I walked into the ice cream shop walking to the table Caine sat at. He saw me and he stood up to pull the chair out for me. "Thank you." I say sitting in the chair as Caine walked around to the other side.

"No problem, how you been?" He questioned me going straight into the subject matter. I looked down my fingernails picking them, before looking up at Caine. He was so handsome, but I will not allow no man to cheat on me and think it's okay.

"I've been good, and yourself?" I asked him crossing my legs. Caine bit his lip as he sat his elbows on the table.

"Worried." He simply said caressing his beard. I nodded my head trying to figure out why she worried. "And your worried because?" I asked folding my arms starring in his direction.

"About you! I worry if you okay at night, if our baby is okay. I worry about a lot of things."

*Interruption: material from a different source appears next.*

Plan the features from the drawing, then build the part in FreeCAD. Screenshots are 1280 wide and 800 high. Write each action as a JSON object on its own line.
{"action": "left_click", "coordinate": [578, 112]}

"Well there's no need for you to be worrying about I'm straight at all times. We came here to talk about the baby and not our problems." I say folding my arms.

Caine raised his left eyebrow starring at me, "See bruh' you stay on yo' fish shit. Chill out , we came here to talk period and while we here we going to talk about us and what's going on." Caine demanded as the waitress walked over to our table.

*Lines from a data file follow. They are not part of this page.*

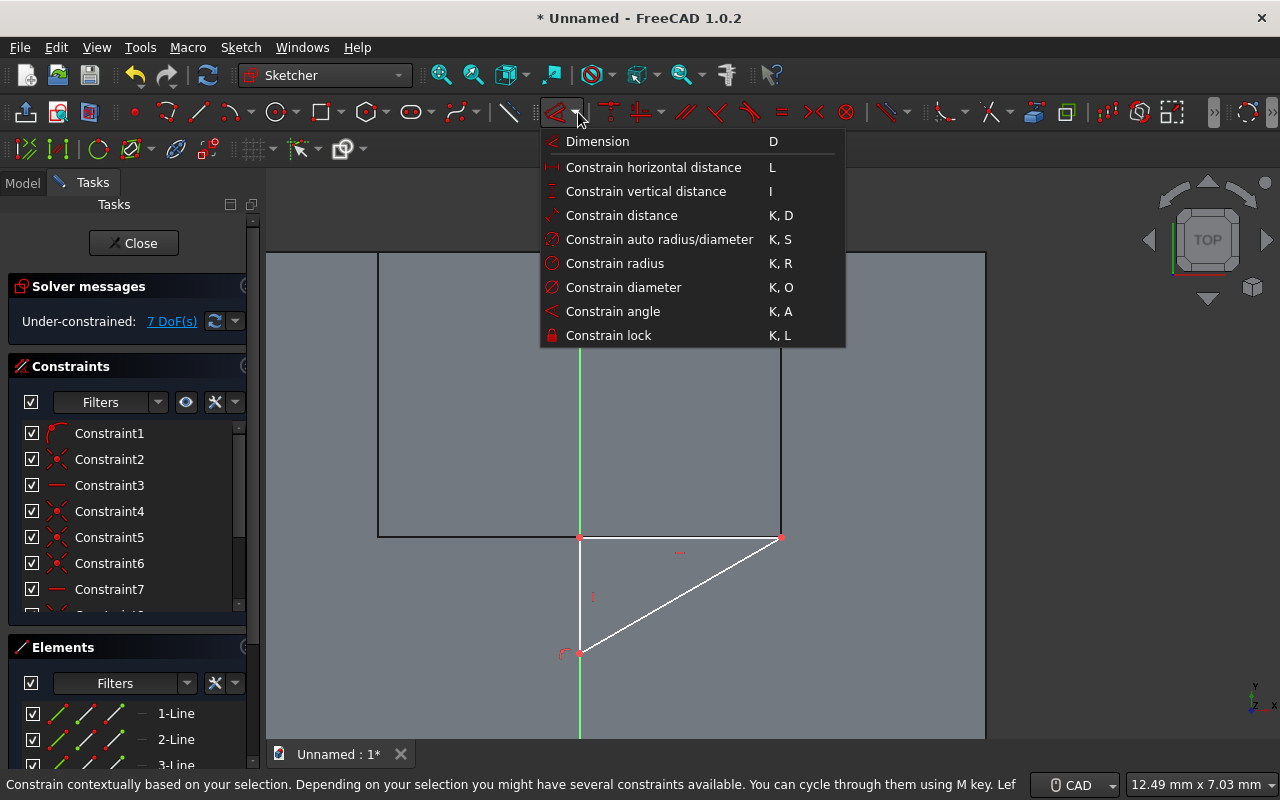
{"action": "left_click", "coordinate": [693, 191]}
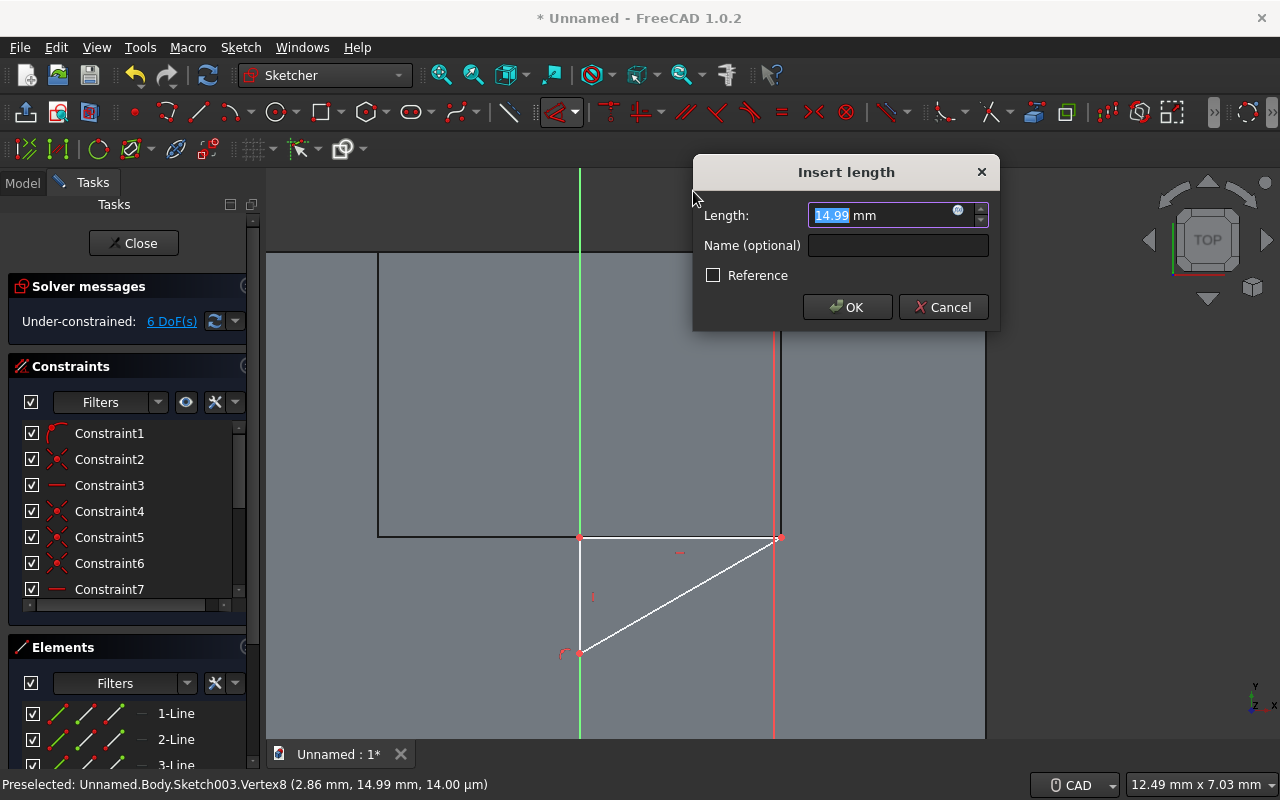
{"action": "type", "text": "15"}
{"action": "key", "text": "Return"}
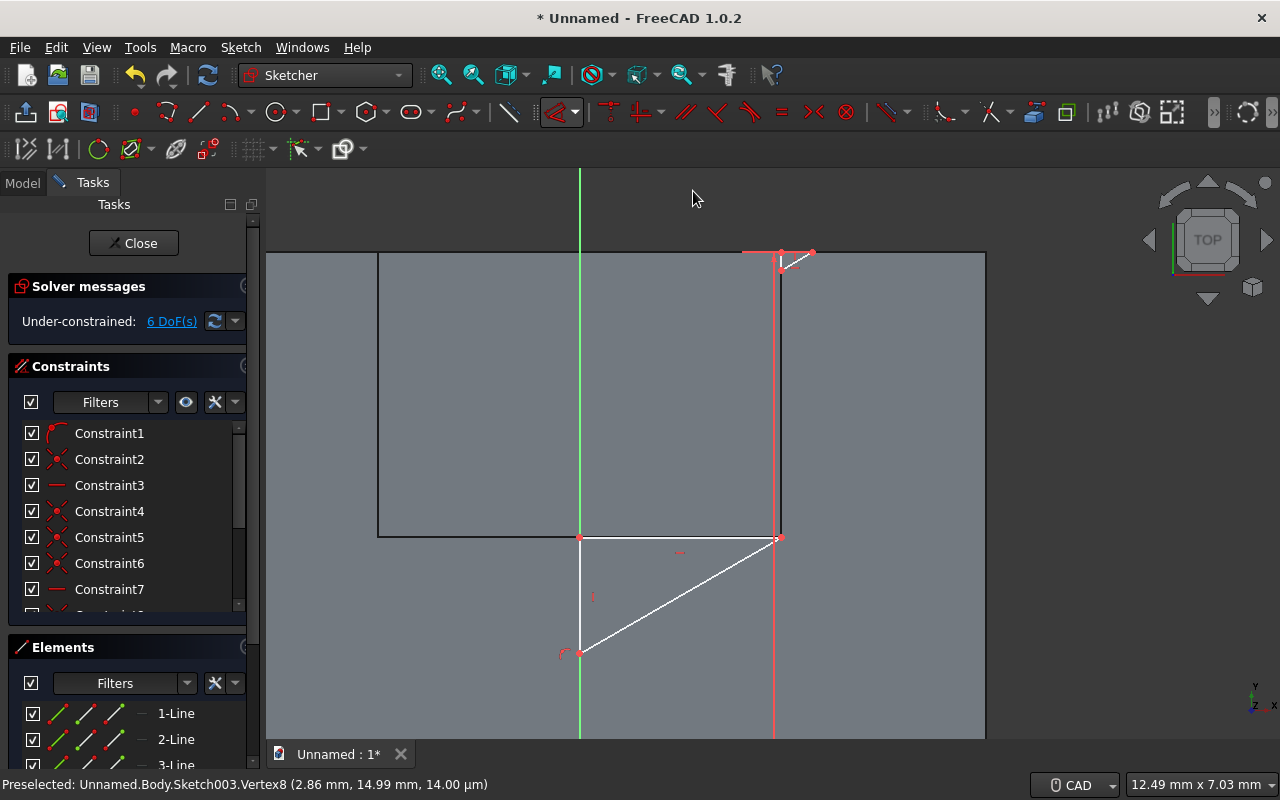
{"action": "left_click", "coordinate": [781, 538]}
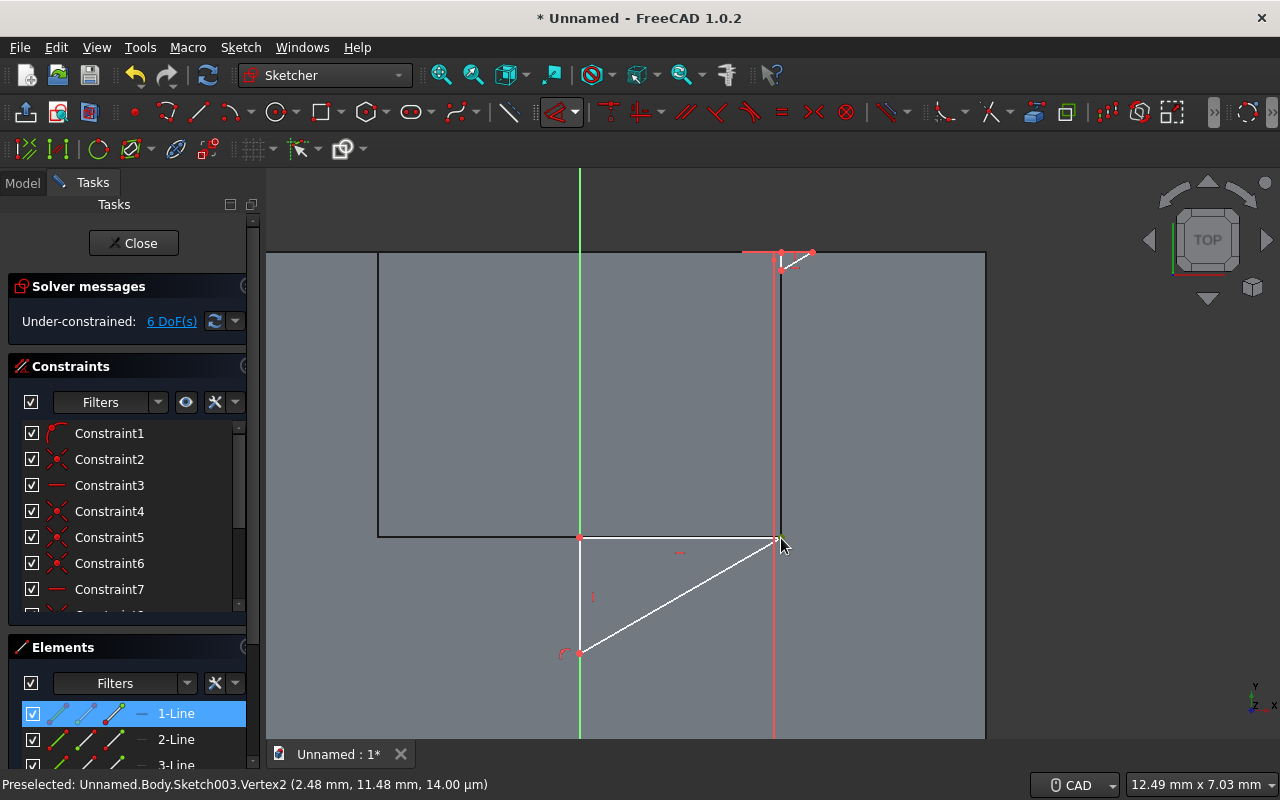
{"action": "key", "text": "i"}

"Hi what can I get for you'll today?" The brown skin man asked us. He was handsome with low cut waves and braces. I smiled before I spoke in a flirtatious way.

"Can I get a medium cup of mint and chocolate chip ice cream." I spoke as I look over at Caine who starred a damn whole in me.

The waitress looked over at Caine for his answer, "I'm good." He said as the waitress walked away. "Why are you starring at me?" I questioned Caine.

Caine leaned back in his seat , "Look NiNi I ain't with the childish games. I'm a grown ass man and as of right now I'm not playing games." Caine demanded folding his arms.

"I'm not playing games either, it's more important things I have to think about now-"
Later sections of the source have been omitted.